• [COLLECTED MATERIAL]
━━━━
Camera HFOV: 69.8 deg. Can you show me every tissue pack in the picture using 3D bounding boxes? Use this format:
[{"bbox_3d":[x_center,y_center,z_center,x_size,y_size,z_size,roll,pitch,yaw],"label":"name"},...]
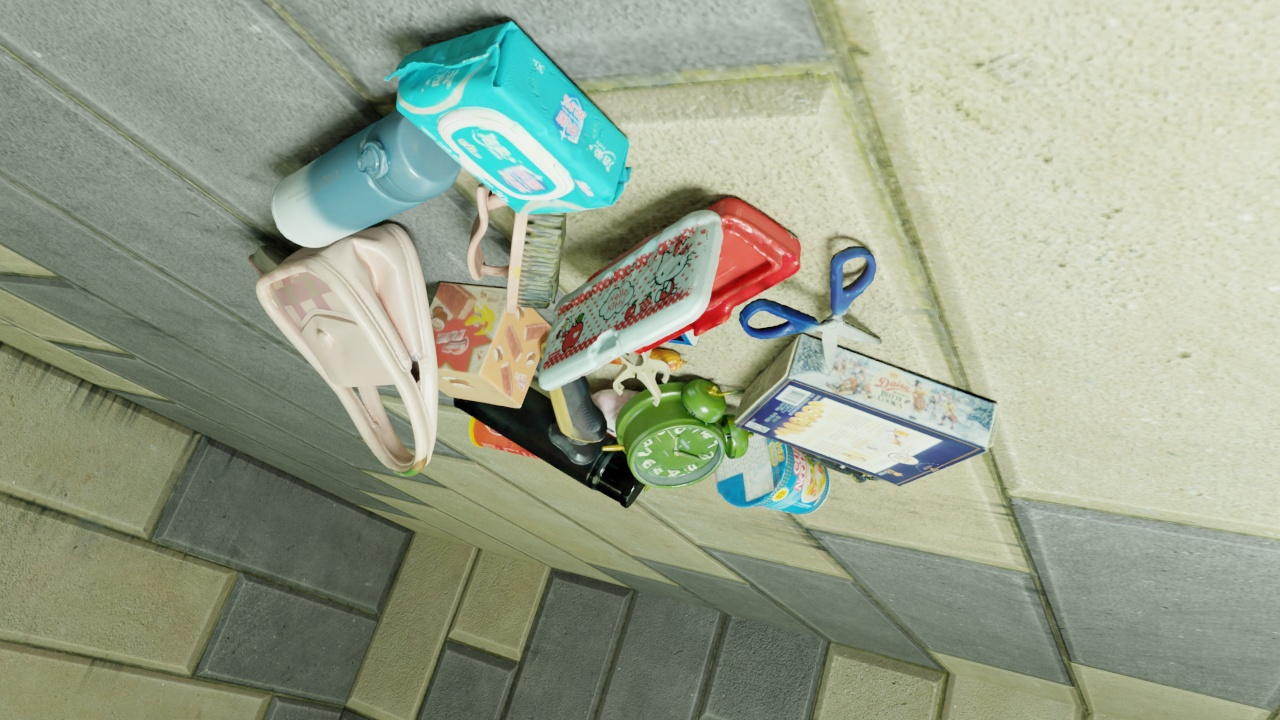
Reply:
━━━━
• [DIRECTIONS]
Your task is to repeat the listing exactly while omitting its pictures.

• [REPLY TO THE EXERCISE]
Camera HFOV: 69.8 deg. Can you show me every tissue pack in the picture using 3D bounding boxes? Use this format:
[{"bbox_3d":[x_center,y_center,z_center,x_size,y_size,z_size,roll,pitch,yaw],"label":"name"},...]
Reply:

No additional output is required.